Especially Phil Porada on his support both at the database level and metrics.

Sabre seems to run smoothly and we'll use it as a guide for the future logs for sure.

Thank you,

Nicolas

[Phil Porada]

:) Glad to be of assistance. Here's to a long life for the Sabre log!

[Bineesh]

Will there be any change to the CT Log api end point for clients to submit certificate - https://sabre.ct.comodo.com/ct/v1/add-pre-chain ?

[Bineesh]

Also any chance your log id changed from  VYHUwhaQNgFK6gubVzxT8MDkOHhwJQgXL6OqHQcT0ww= to

23b9raxl59CVCIhuIVm9i5A1L1/q0+PcXiLrNQrMe5g=

[Bineesh]

It seems Google chrome is rejecting SCTs from this log

[Nicolas Dufour]

Hello Bineesh,

Thanks a lot for mentioning it.

We did see a discrepancy this morning on the keypair that sabre used to have on super dupper: precisely the private key that was used by the CTFE was different, whereas the public key was identical.

I fixed it this morning around 9-10am EST.

On top of that, it seems that the default max_get_entries (1000) was too high for the server to handle. So GetEntries requests with large range were all failing.

We then changed it to 500 and no ill behavior is seen since.

Thank you,

Nicolas

[Bineesh]

Thank you for looking into it. Then all the certificates submitted to Sabre during this issuer are not failing at Google/Apple CT log validation. 

What's the time window were Sabre signing SCT tokens with wrong key? Aren't all the CAs using Sabre impacted with this issue ?

[Rasmus Dahlberg]

Hi Nicolas,

I think you need to look further into the get-entries endpoint. Still failing:

    $ curl -G --data-urlencode "start=2000" --data-urlencode "end=3000" https://sabre.ct.comodo.com/ct/v1/get-entries
    Forbidden
    backend GetLeavesByRange request failed: rpc error: code = ResourceExhausted desc = grpc: received message larger than max (6586447 vs. 4194304)

-Rasmus

--
You received this message because you are subscribed to the Google Groups "Certificate Transparency Policy" group.
To unsubscribe from this group and stop receiving emails from it, send an email to ct-policy+...@chromium.org.
To view this discussion on the web visit https://groups.google.com/a/chromium.org/d/msgid/ct-policy/7317fed5-2b4f-4be8-9745-18aacf377b6bn%40chromium.org.

[Nicolas Dufour]

Hello Rasmus,

Thanks a lot, I ended up testing the sweet spot for that request and it happens around 310.

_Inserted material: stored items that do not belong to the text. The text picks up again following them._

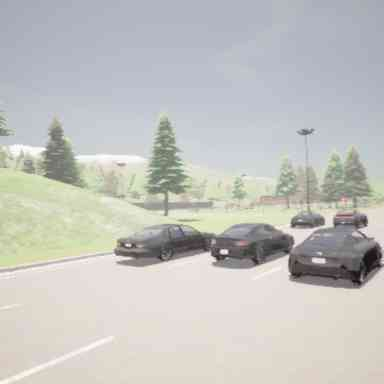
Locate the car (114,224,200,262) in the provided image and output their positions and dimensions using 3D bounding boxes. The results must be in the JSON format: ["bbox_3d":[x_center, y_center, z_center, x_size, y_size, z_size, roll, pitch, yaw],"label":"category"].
[{"bbox_3d":[-0.894,2.118,14.780,2.033,1.411,5.357,-3,-3,38],"label":"car"}]

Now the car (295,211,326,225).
[{"bbox_3d":[10.143,2.330,28.950,1.994,1.385,4.181,-3,-3,38],"label":"car"}]

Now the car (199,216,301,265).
[{"bbox_3d":[2.541,1.953,13.500,1.812,1.442,4.674,-3,-2,38],"label":"car"}]

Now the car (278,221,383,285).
[{"bbox_3d":[4.628,1.825,10.494,1.994,1.385,4.181,-3,-3,38],"label":"car"}]

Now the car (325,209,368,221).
[{"bbox_3d":[12.692,2.100,26.538,2.128,1.511,4.902,-3,-2,38],"label":"car"}]
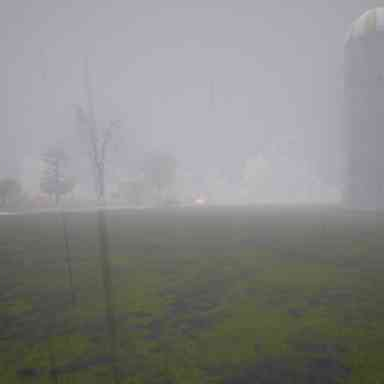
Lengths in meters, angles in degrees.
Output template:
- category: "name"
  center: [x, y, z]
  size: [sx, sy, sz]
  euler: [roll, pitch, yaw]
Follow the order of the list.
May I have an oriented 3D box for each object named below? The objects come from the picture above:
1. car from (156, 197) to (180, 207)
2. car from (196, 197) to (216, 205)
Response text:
- category: "car"
  center: [-3.943, 1.618, 55.605]
  size: [2.128, 1.511, 4.902]
  euler: [1, 0, 36]
- category: "car"
  center: [2.814, 1.680, 65.068]
  size: [1.882, 1.535, 5.008]
  euler: [1, 0, 36]
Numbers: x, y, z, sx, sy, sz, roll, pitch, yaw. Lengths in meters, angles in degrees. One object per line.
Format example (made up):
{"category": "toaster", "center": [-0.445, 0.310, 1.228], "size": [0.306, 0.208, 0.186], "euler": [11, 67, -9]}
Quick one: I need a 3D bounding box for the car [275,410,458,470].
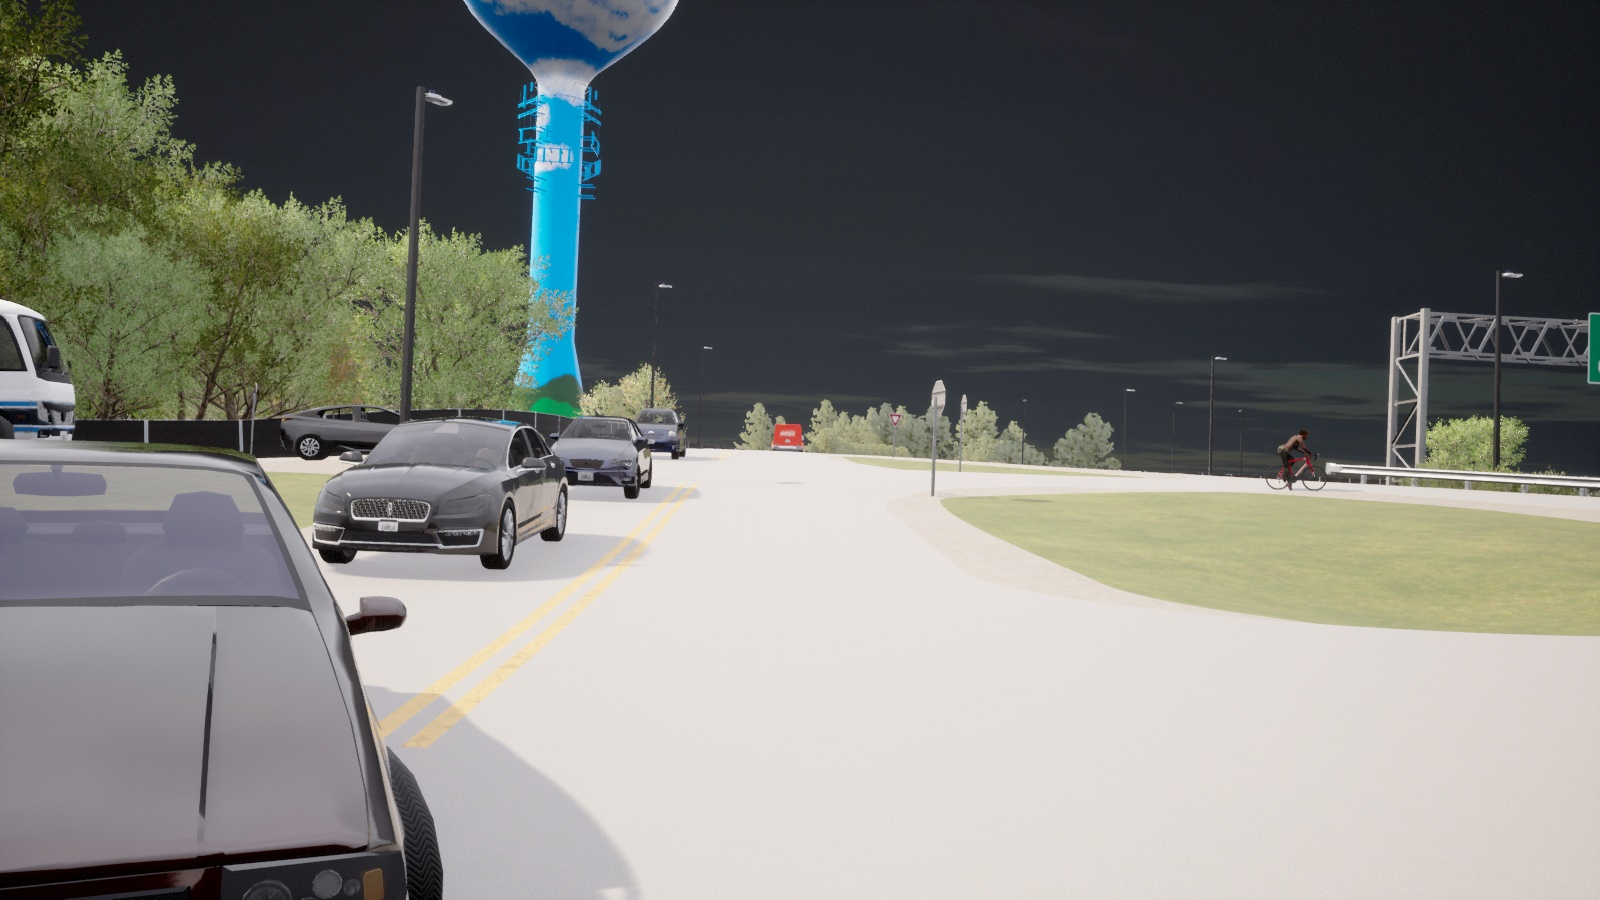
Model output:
{"category": "car", "center": [-11.634, -0.289, 34.010], "size": [4.514, 1.525, 2.007], "euler": [-1, 0, -14]}

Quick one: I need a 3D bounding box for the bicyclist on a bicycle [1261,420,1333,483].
{"category": "bicyclist on a bicycle", "center": [13.155, 0.034, 33.267], "size": [1.656, 1.620, 0.582], "euler": [1, 1, 0]}

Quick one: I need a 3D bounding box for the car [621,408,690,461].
{"category": "car", "center": [-4.687, -0.516, 41.172], "size": [1.851, 1.617, 3.988], "euler": [1, 1, -1]}

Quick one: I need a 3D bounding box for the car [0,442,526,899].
{"category": "car", "center": [-2.554, 0.719, 4.461], "size": [2.033, 1.411, 5.357], "euler": [1, 1, -24]}

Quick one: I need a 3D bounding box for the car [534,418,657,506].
{"category": "car", "center": [-3.842, 0.155, 24.277], "size": [1.816, 1.474, 4.193], "euler": [1, 2, -2]}

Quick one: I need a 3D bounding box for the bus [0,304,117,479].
{"category": "bus", "center": [-23.261, -1.375, 31.335], "size": [10.273, 4.253, 3.944], "euler": [-1, 1, -18]}

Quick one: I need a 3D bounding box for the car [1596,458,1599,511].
{"category": "car", "center": [29.047, 1.206, 41.916], "size": [1.932, 1.855, 4.605], "euler": [1, -1, -1]}

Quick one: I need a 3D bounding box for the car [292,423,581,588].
{"category": "car", "center": [-3.832, 0.468, 14.197], "size": [1.837, 1.490, 4.892], "euler": [1, 2, 0]}

So I lowered the max entries once more to 256.

Hopefully, this value would be lower enough to be under the 4MB buffer size of the grpc call.

Nicolas

[Nicolas Dufour]

Hello Bineesh,

For the time window, I would say from the moment it was live on Trillian, so yesterday (Wednesday March 15th) at around 12:30pm EST to today (Thursday March 16th) at 8:28am EST.

Nicolas

[Andrew Ayer]

On Thu, 16 Mar 2023 15:02:45 -0700 (PDT)
Bineesh <bin...@gmail.com> wrote:

> Thank you for looking into it. Then all the certificates submitted to
> Sabre during this issuer are not failing at Google/Apple CT log
> validation. What's the time window were Sabre signing SCT tokens with
> wrong key? Aren't all the CAs using Sabre impacted with this issue ?

CAs that don't validate SCT signatures are impacted. CAs that are
doing it right would have rejected the SCTs with invalid signatures and
gotten SCTs from other logs.

Cert Spotter authenticates and audits every SCT that it sees embedded in a
certificate. So far we have not observed any embedded SCTs with this
other log ID. However. not all CAs submit final certificates so we
don't have a complete picture.

Regards,
Andrew

[Aaron Gable]

It's worth noting that the certificate-transparency-go library automatically checks the signature on the SCT as part of all add-chain requests: https://github.com/google/certificate-transparency-go/blob/9f7f7b6d171455621e130e25312efec7f8b16dd2/client/logclient.go#L106-L108

--
You received this message because you are subscribed to the Google Groups "Certificate Transparency Policy" group.
To unsubscribe from this group and stop receiving emails from it, send an email to ct-policy+...@chromium.org.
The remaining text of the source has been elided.